:: Material provided ::
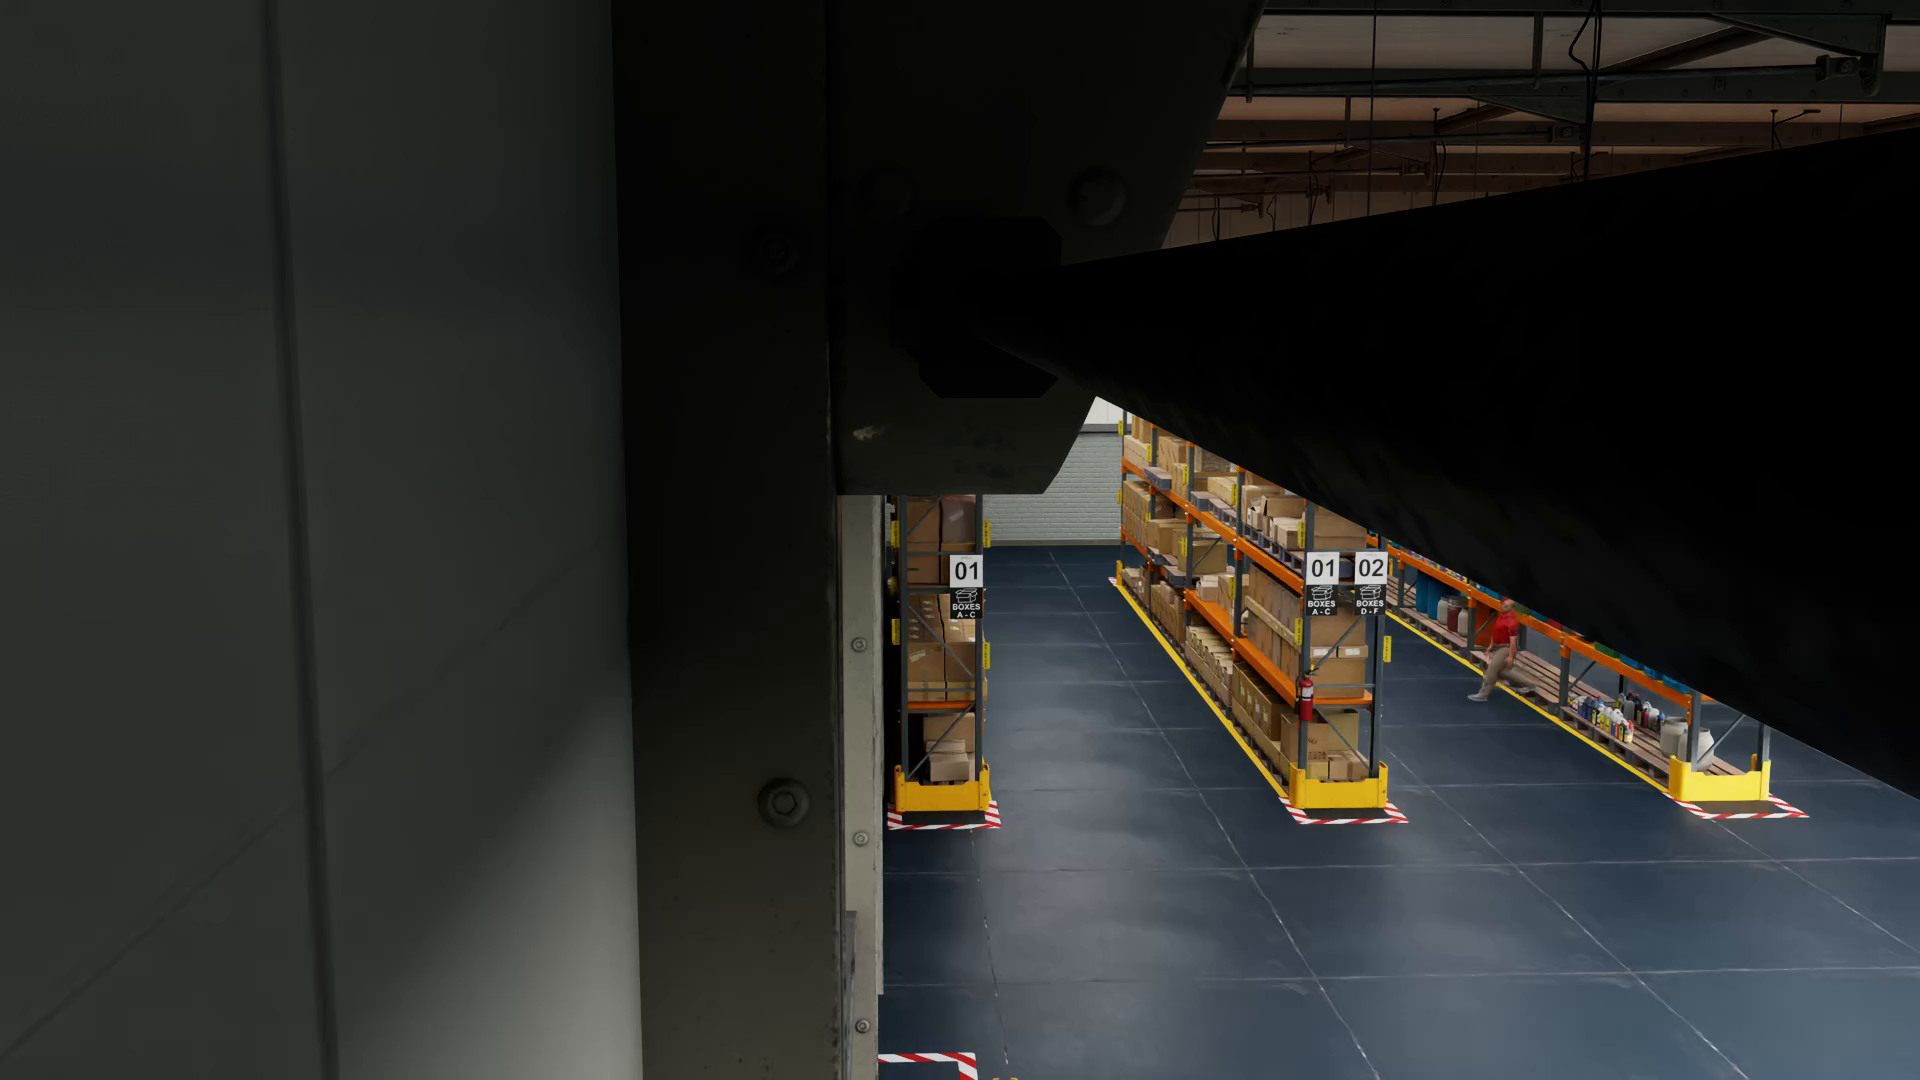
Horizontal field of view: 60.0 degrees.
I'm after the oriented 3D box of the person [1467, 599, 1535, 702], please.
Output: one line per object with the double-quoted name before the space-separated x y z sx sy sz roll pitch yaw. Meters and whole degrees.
:::
Copy the lines above exactly. Do not include pictures.

▶ _Output for this exercise_
Horizontal field of view: 60.0 degrees.
I'm after the oriented 3D box of the person [1467, 599, 1535, 702], please.
Output: one line per object with the double-quoted name before the space-separated x y z sx sy sz roll pitch yaw. Meters and whole degrees.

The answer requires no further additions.